Updated Catalogue of Orphan Assembly-Line
PKSs
The general strategy for compiling and phylogenetically
analyzing all assembly-line PKSs has been described previously.[102] Briefly, a consensus ketosynthase (KS) sequence
was aligned using BLAST against nine NCBI DNA databases as well as
the archive for whole-genome shotgun sequences available as of May
2018. To select for multimodular PKSs, BLAST hits were refined by
requiring a minimum of 3 KS domains located within 20kb of each other,
and the PKS gene clusters that met this criterion were further analyzed
by antiSMASH 4.0.[131] Identical PKSs were
eliminated based on either an identical sequence or an identical domain
architecture in the same species. From the remaining PKSs, the sequences
of individual PKS and NRPS proteins were extracted and subjected to
comparative pairwise analysis using BLAST, calculated as described
in ref (102). PKSs
that scored more than 90% in amino acid similarity were considered
redundant, yielding the final catalogue of distinct assembly-line
PKSs (Figure ). As
before, cluster similarity scores were visualized in the form of a
dendrogram.
Figure 4
Summary of the workflow to generate the catalogue of distinct assembly-line
PKSs. In the final clustering schematic, the red line represents a
PKS sequence that scored higher than 90% in amino acid similarity
to another sequence and was thus removed from the catalogue of distinct
clusters.
Summary of the workflow to generate the catalogue of distinct assembly-line
PKSs. In the final clustering schematic, the red line represents a
PKS sequence that scored higher than 90% in amino acid similarity
to another sequence and was thus removed from the catalogue of distinct
clusters.A total of 3551 distinct clusters from 1662 species
were catalogued,
representing a 4-fold increase over the data set from five years prior.

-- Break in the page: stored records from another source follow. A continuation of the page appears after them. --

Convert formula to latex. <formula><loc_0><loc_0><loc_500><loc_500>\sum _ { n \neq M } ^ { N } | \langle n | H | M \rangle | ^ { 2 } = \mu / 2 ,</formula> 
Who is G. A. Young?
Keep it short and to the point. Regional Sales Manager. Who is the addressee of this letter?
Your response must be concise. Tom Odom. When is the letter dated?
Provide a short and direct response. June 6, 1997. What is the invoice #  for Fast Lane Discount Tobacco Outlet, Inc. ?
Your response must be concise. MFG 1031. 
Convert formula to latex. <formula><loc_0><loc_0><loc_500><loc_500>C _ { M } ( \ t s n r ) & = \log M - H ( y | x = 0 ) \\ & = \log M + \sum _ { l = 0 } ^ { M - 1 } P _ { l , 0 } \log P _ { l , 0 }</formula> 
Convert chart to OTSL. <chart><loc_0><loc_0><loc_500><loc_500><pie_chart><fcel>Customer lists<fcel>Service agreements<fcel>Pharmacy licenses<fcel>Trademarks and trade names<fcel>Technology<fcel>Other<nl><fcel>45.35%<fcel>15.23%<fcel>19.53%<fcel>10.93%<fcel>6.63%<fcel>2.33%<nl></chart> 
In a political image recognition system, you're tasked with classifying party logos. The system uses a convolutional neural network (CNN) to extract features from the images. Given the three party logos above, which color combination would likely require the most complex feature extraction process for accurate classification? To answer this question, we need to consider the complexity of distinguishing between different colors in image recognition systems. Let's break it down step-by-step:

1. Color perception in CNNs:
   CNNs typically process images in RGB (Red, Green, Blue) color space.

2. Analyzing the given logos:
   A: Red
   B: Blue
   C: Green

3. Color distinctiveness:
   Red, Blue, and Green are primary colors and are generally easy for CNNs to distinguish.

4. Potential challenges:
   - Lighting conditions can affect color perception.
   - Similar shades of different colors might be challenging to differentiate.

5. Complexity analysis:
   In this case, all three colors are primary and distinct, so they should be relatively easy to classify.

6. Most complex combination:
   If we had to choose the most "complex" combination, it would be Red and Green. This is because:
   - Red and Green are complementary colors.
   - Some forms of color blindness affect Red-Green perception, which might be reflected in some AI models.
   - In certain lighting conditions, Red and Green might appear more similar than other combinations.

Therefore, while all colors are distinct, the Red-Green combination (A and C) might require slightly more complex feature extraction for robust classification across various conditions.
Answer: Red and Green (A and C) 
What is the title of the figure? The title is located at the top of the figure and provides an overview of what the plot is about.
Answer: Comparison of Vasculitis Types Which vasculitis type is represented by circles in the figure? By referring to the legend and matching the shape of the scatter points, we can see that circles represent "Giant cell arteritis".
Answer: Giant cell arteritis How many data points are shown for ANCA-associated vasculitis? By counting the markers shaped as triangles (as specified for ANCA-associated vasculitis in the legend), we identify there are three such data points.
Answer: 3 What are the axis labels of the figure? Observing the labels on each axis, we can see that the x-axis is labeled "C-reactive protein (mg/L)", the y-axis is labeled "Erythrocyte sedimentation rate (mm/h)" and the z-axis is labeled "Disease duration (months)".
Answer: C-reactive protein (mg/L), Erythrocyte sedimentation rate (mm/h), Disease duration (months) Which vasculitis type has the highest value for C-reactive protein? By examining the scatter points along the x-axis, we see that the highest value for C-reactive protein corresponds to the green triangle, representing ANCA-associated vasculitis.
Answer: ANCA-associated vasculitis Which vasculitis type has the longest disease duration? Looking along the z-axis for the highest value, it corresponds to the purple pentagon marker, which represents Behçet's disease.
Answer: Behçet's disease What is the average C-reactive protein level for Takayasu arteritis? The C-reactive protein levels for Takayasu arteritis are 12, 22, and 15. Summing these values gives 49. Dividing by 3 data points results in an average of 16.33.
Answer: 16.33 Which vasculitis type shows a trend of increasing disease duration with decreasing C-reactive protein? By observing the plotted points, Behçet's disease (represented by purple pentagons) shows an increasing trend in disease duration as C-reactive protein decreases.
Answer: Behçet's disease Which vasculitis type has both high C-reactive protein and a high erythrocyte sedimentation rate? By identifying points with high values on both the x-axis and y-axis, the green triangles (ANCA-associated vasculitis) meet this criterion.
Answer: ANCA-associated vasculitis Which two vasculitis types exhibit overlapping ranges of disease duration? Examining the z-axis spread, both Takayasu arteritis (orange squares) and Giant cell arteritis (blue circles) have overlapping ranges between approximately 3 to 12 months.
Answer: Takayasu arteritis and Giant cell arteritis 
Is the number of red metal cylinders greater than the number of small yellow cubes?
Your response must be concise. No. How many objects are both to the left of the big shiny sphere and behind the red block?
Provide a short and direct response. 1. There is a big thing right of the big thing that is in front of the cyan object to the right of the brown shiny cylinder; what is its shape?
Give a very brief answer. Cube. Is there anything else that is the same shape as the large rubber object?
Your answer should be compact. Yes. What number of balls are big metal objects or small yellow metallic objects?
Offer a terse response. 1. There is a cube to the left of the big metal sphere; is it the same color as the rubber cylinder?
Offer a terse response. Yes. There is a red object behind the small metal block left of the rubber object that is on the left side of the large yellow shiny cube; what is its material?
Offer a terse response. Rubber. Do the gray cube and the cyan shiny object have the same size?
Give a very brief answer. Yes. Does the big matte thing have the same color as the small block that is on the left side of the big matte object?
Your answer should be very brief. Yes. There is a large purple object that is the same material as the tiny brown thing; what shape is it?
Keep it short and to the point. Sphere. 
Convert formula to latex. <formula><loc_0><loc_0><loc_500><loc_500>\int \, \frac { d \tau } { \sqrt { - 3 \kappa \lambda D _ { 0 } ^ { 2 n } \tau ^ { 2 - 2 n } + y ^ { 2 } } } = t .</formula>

Among these, 1692 clusters were annotated as cis-AT
PKS clusters, 975 as cis-AT PKS/NRPS hybrids, 293
as trans-AT PKSs, 343 as trans-AT
PKS/NRPS hybrids, and 248 as other hybrids. The full list of nonredundant
assembly-line PKS clusters and the dendrogram visualizing their distances
are available online at http://web.stanford.edu/group/orphan_pks/. It should be noted that, although our number of PKS clusters closely
matches the number listed in the antiSMASH 2.0 database (3302 type
I PKSs and 623 trans-AT PKSs),[130] the two catalogues are complementary, not identical, because
the analyses differed in terms of NCBI databases, PKS cluster types,
and sequence similarity cutoffs. Nonetheless, both of them reflect
the vast numbers of assembly-line PKS clusters present in nature.
Evaluating the Product Diversity of Orphan
Assembly-Line PKSs
On the basis of the date when each PKS
sequence in our catalogue was deposited in the NCBI database, it appears
that the number of distinct assembly-line PKSs continues to grow exponentially,
doubling every 2.5 years (Figure A, blue bars). This rate of discovery is consistent
with the overall growth of NCBI sequencing data in GenBank. The vast
majority of these clusters are orphan; by using the MIBiG database
and NCBI annotations, we estimate that only around 10% of assembly-line
PKSs in our catalogue have been linked to the production of a known
molecule (Figure A,
red bars).
Figure 5
(A) The discovery rate of distinct clusters is shown (blue; having
less than 90% amino acid sequence similarity score to any other cluster).
Also shown (in red) is the number of clusters with known products,
determined using MIBiG database and NCBI annotations. For years 1994–2017,
numbers reflect sequences deposited by December of that year. For
2018, only sequences deposited by May were taken into account. (B)
Rediscovery rate among nucleotide sequences deposited to NCBI, determined
as the percentage of redundant clusters (having more than 90% amino
acid sequence similarity score to a previously sequenced cluster).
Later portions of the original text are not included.